Could you give again exactly, and only, the lines from the one holding "Instruction: Point to" through the end of the data, both ends included, with pictures left out?

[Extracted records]
+--

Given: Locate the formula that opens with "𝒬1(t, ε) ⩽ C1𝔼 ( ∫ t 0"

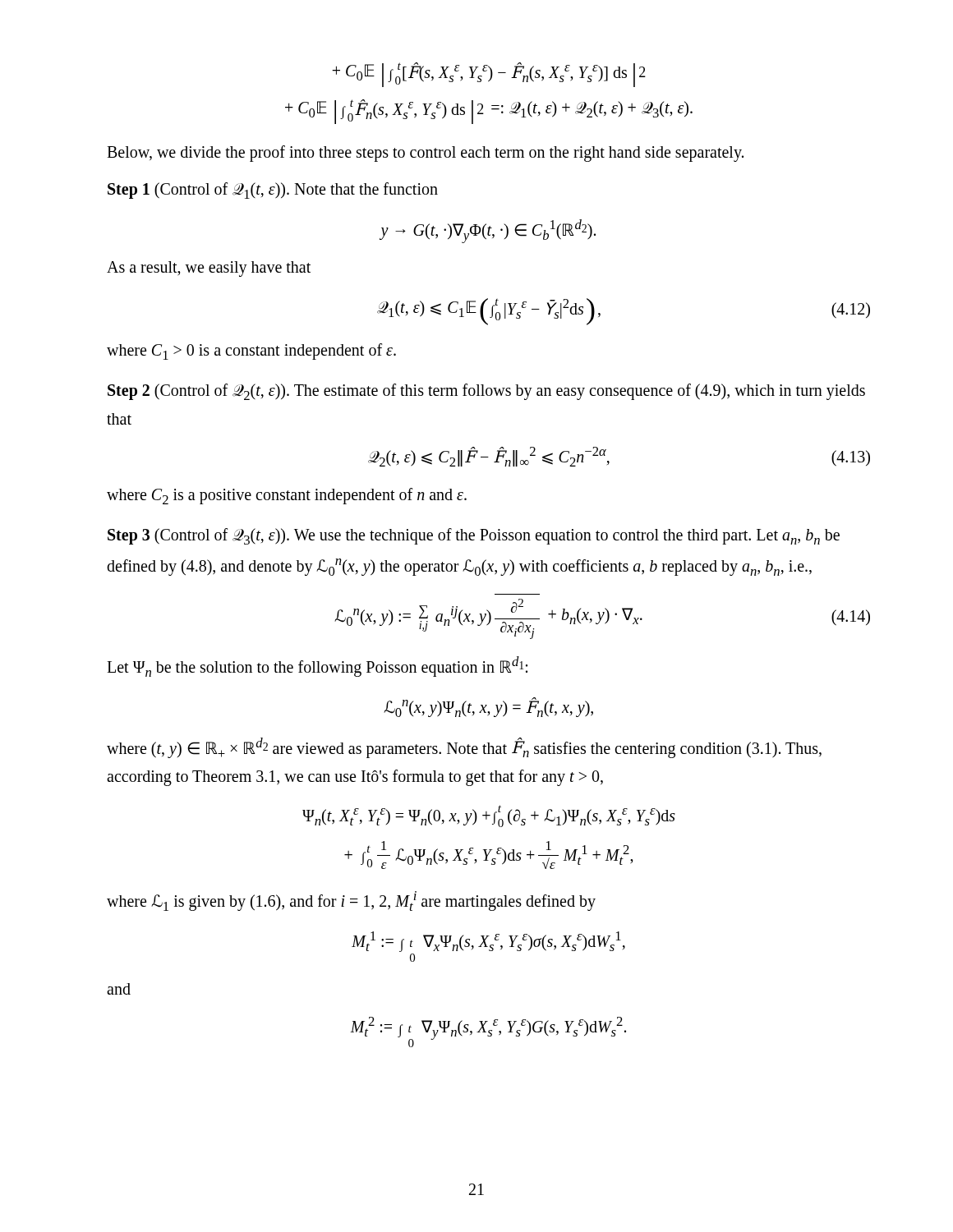Looking at the screenshot, I should (x=492, y=312).
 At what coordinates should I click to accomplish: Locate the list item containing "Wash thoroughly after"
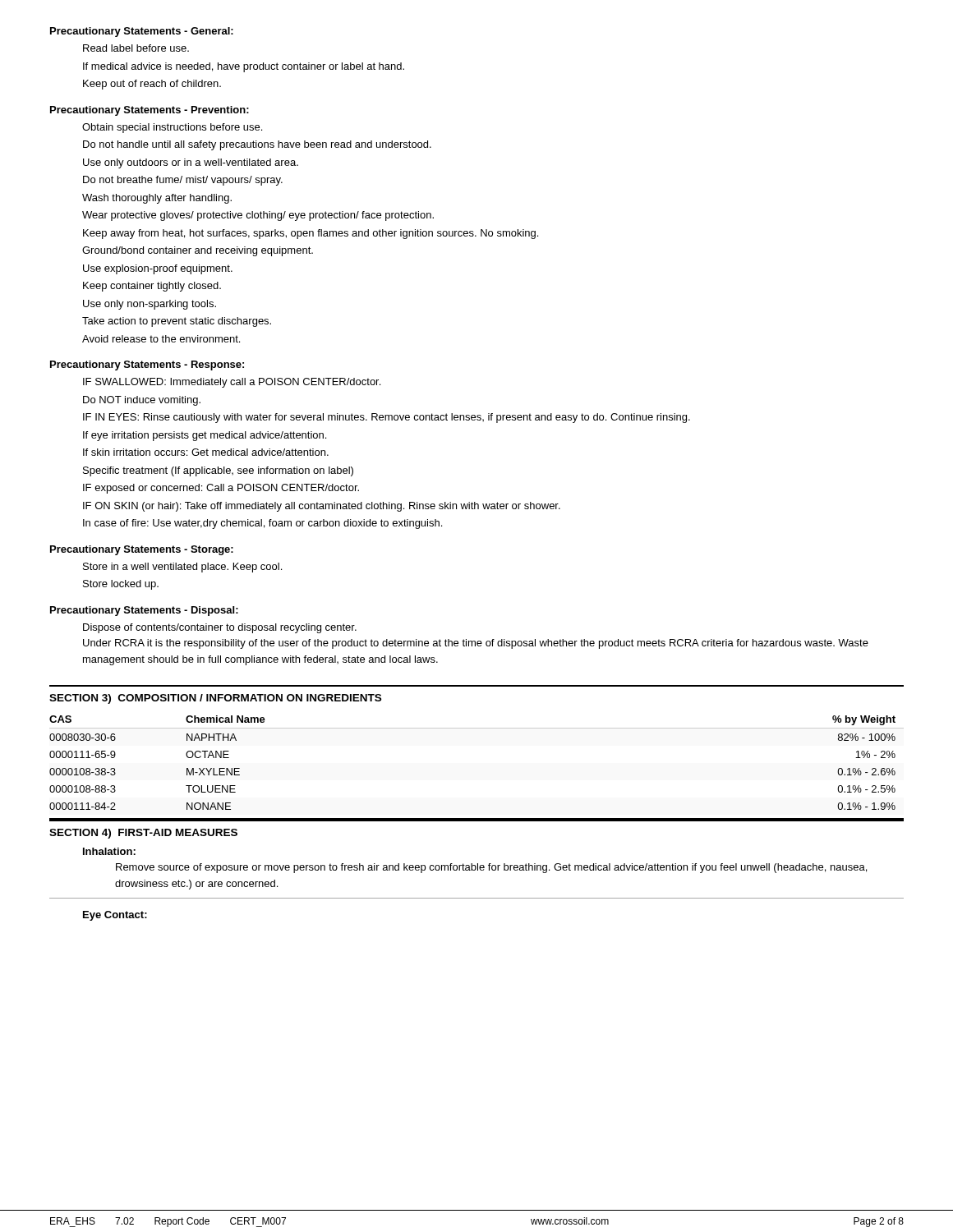157,197
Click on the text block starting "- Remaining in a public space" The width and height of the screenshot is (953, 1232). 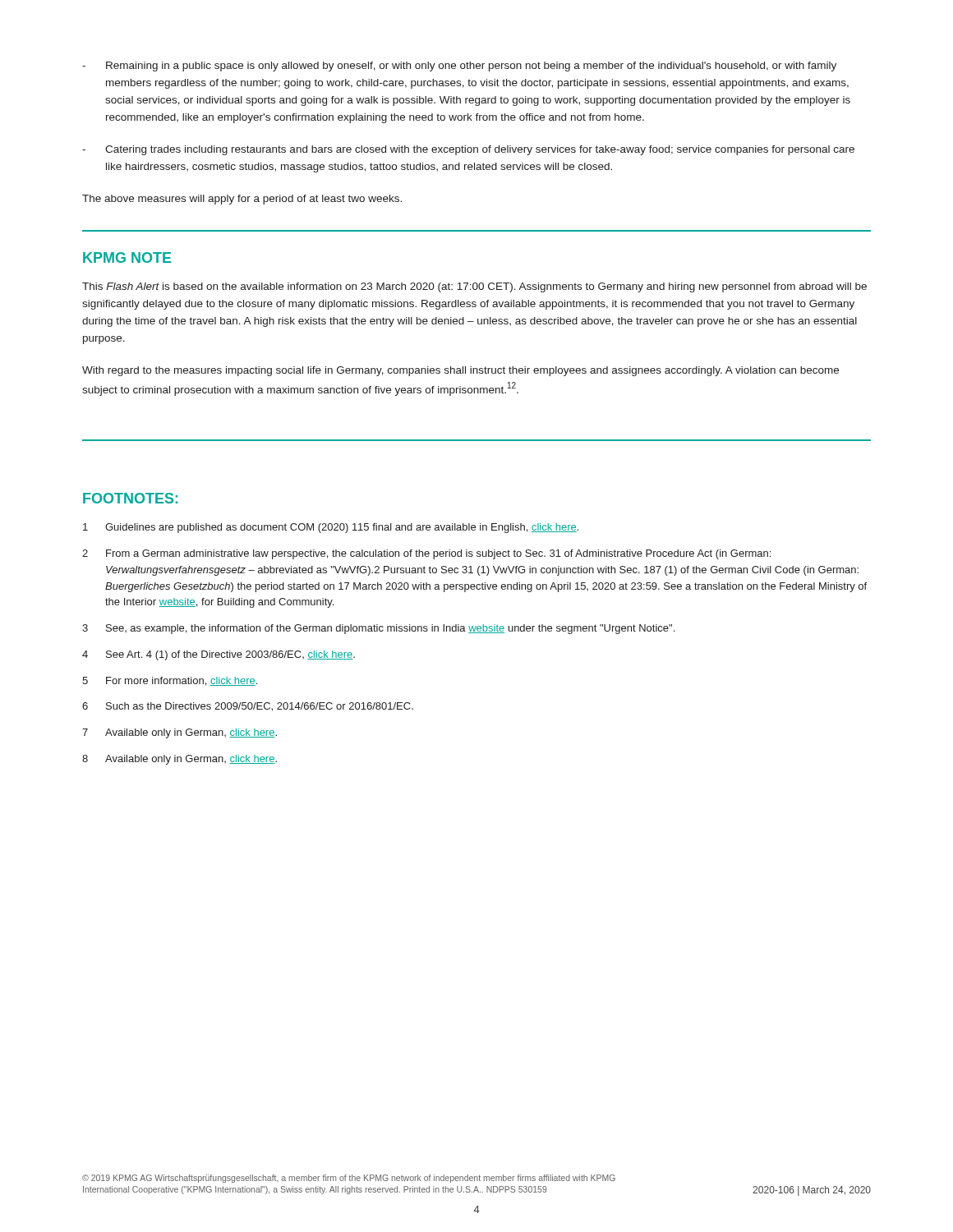click(x=476, y=92)
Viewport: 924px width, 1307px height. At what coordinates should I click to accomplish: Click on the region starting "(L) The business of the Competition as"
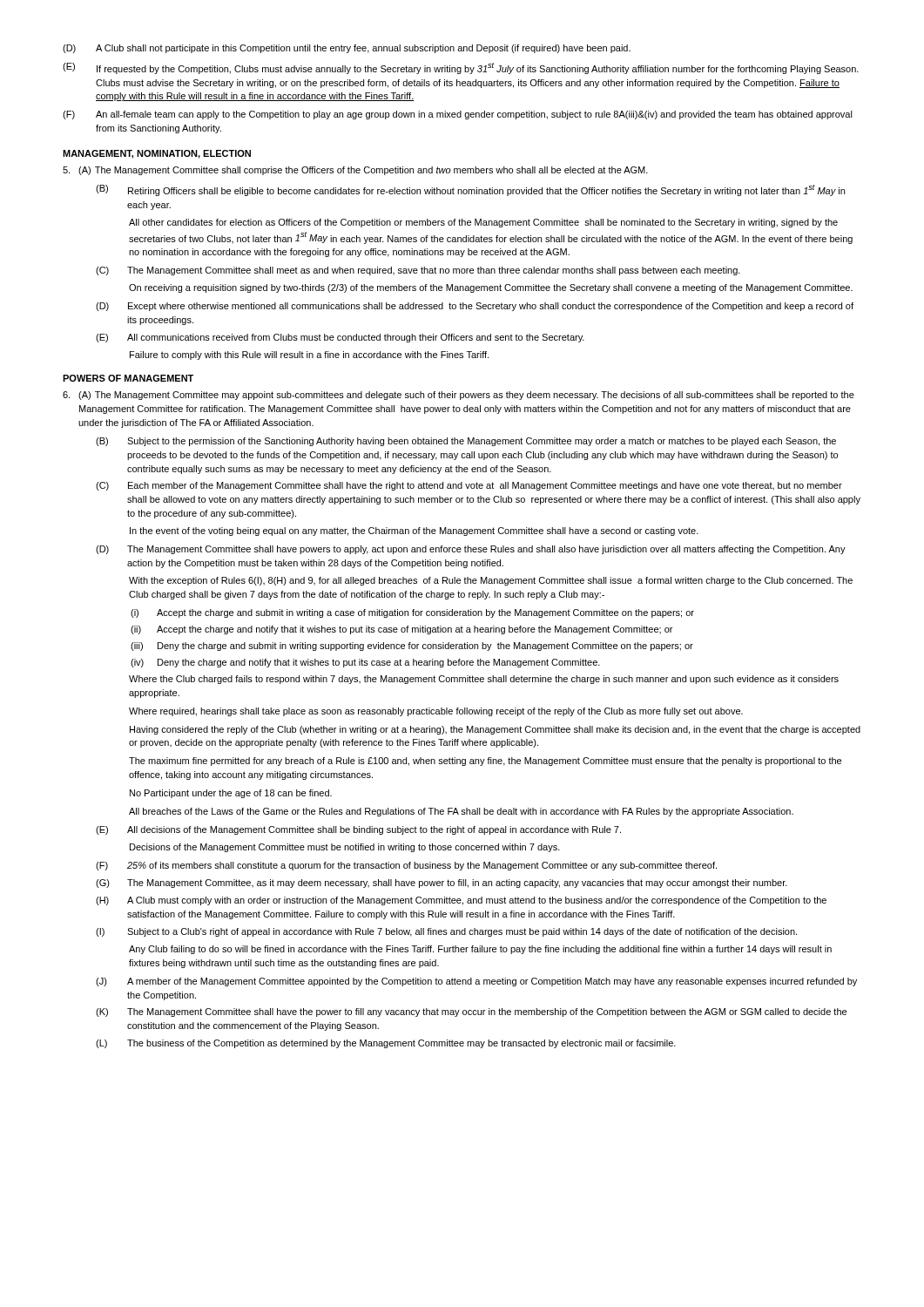point(479,1044)
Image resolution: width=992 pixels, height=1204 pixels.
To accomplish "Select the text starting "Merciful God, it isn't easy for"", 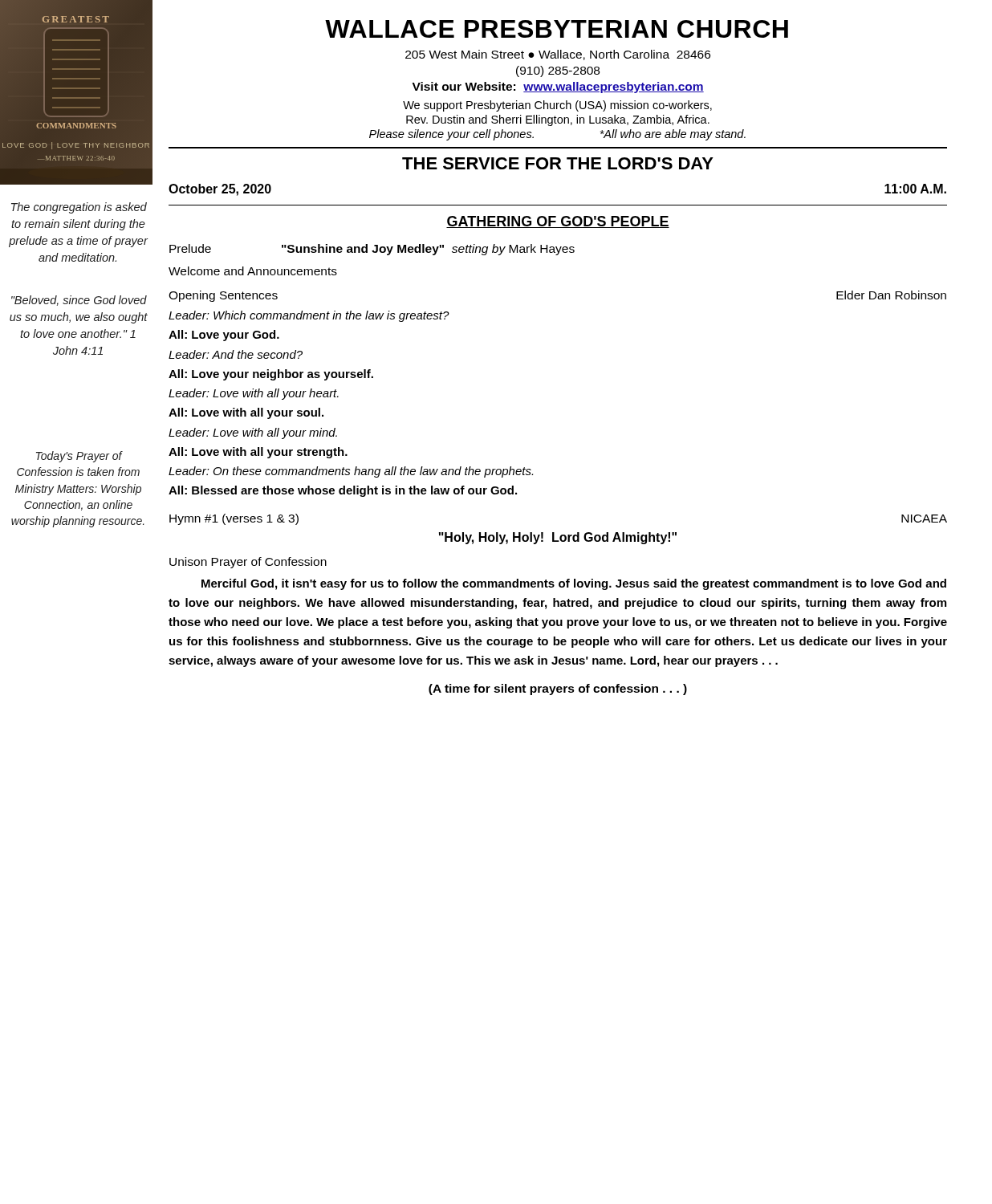I will click(x=558, y=621).
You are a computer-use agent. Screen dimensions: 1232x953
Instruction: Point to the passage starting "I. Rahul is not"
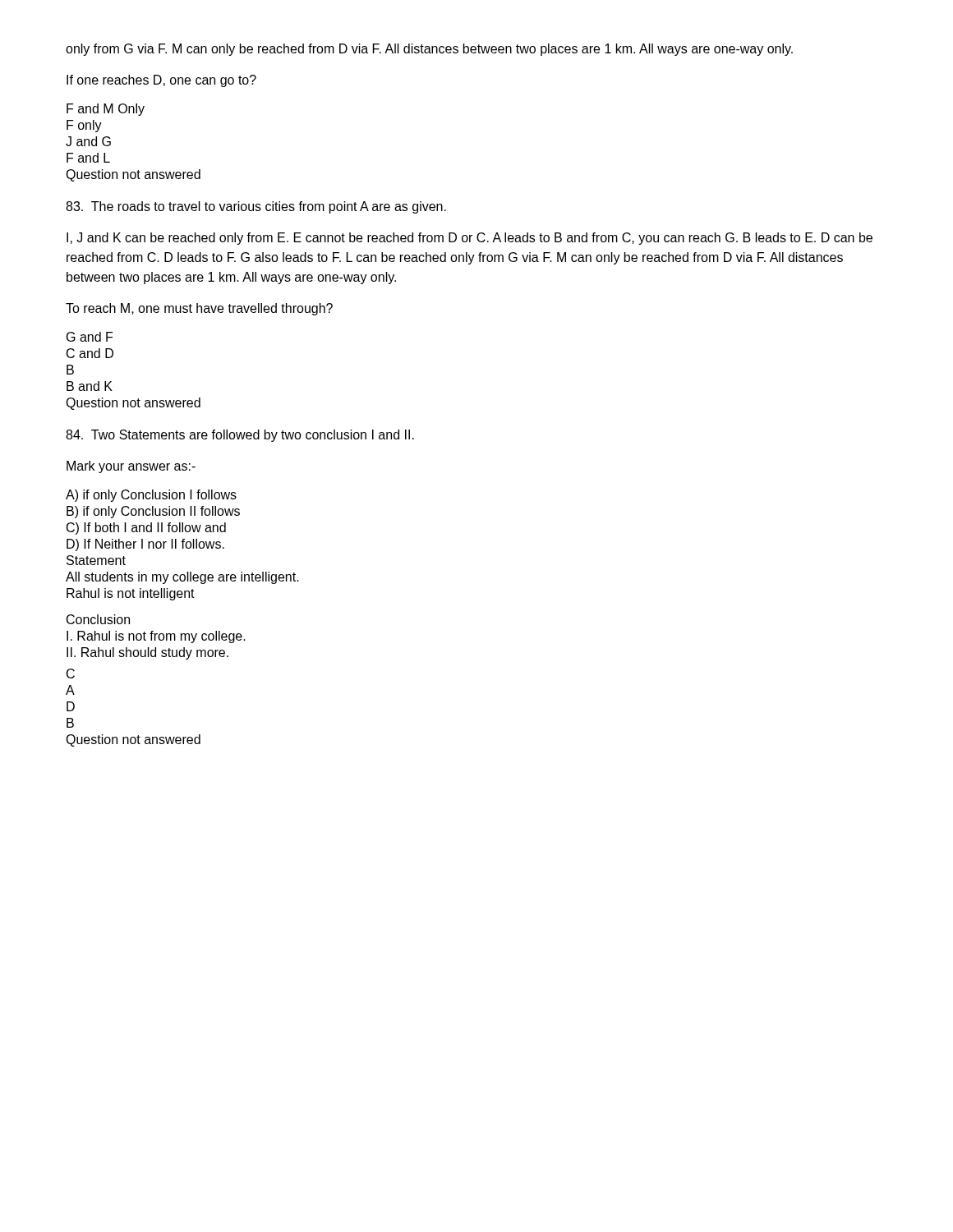pos(156,636)
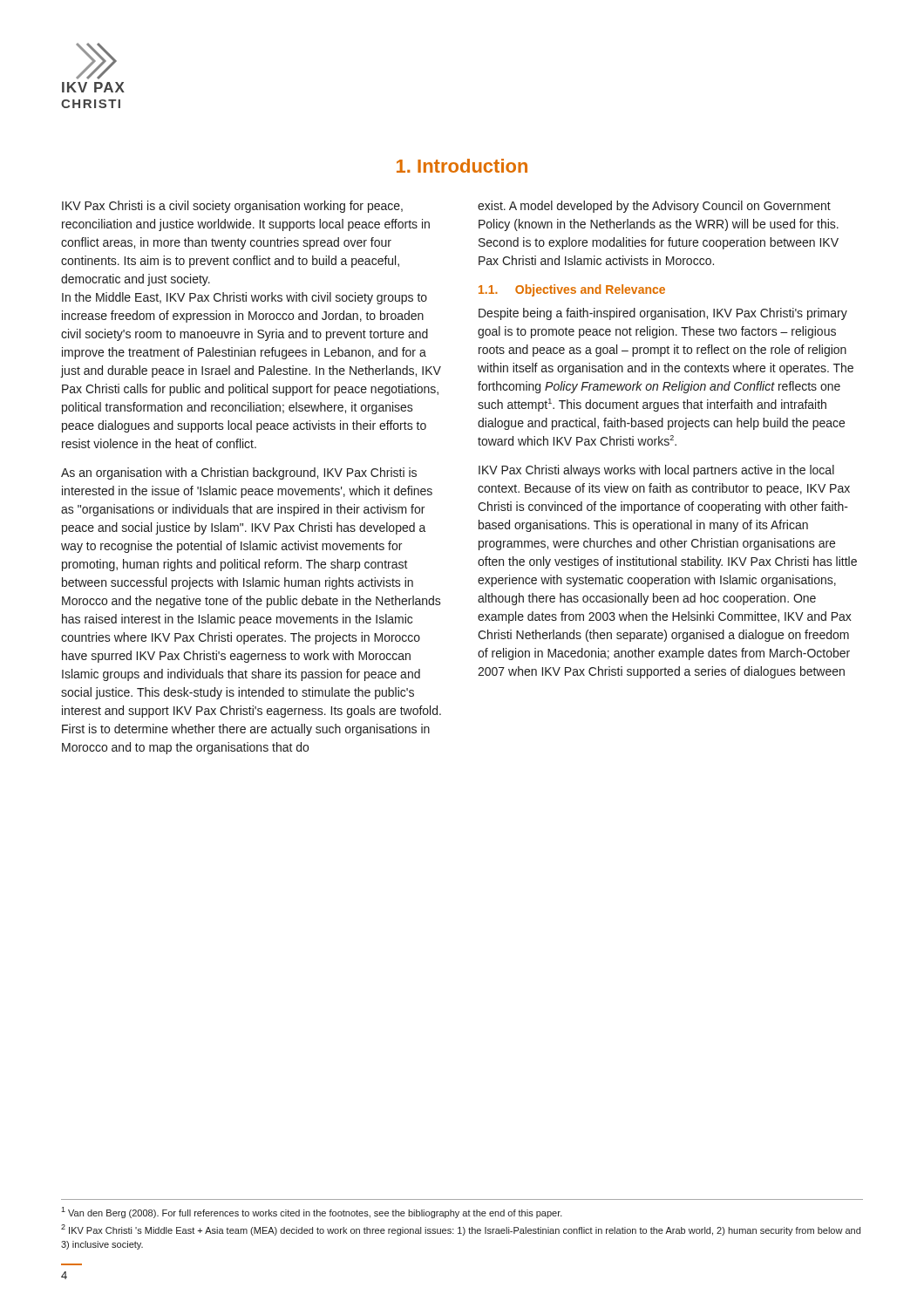Find the text block that reads "IKV Pax Christi always works"
924x1308 pixels.
670,571
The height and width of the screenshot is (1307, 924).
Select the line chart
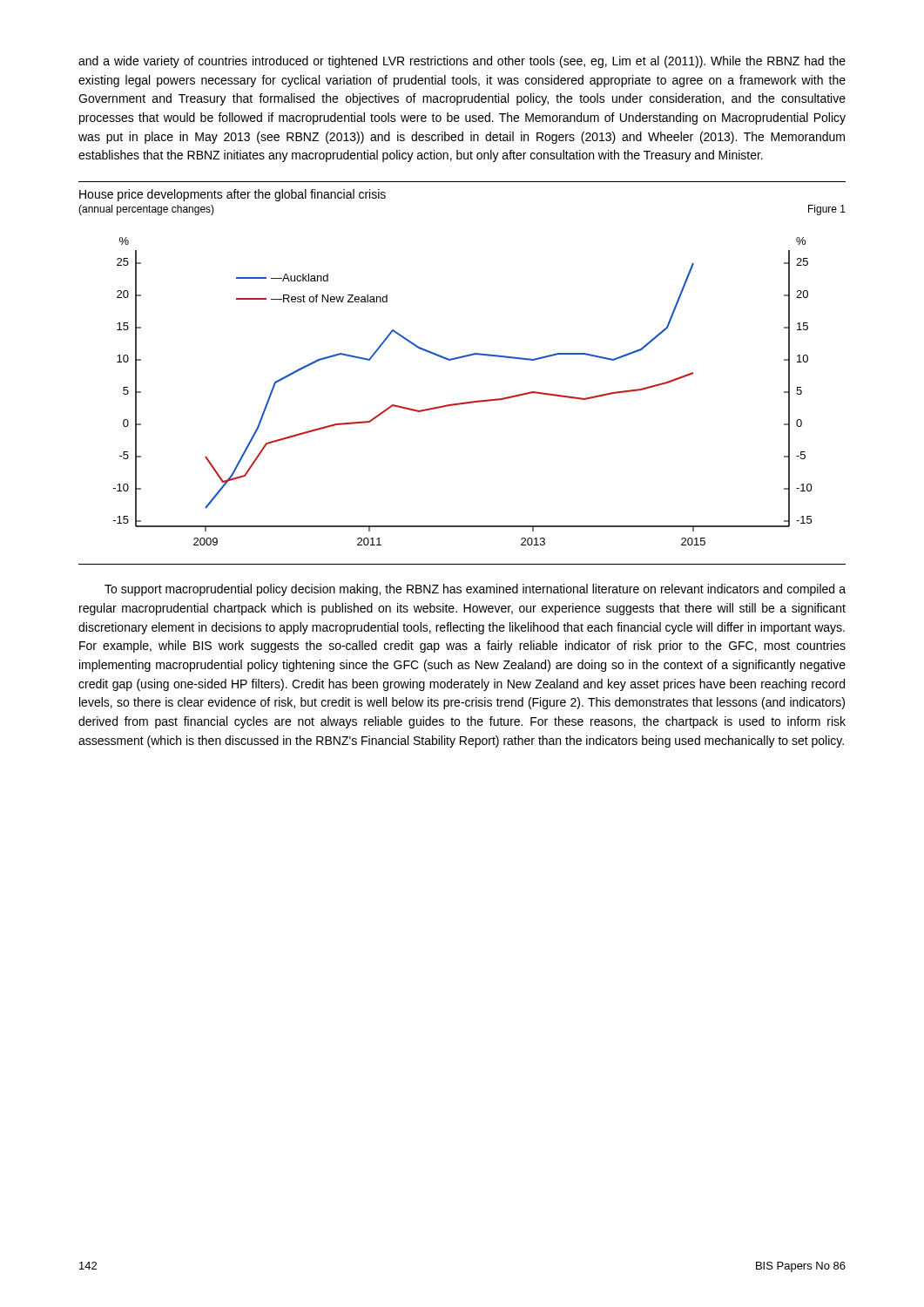click(462, 389)

+--

Expected answer:
Instruction: Point to the passage starting "I. Rahul is not"
pos(156,636)
Find the text block that reads "IKV Pax Christi always works"
924x1308 pixels.
670,571
The height and width of the screenshot is (1307, 924).
Select the line chart
click(462, 389)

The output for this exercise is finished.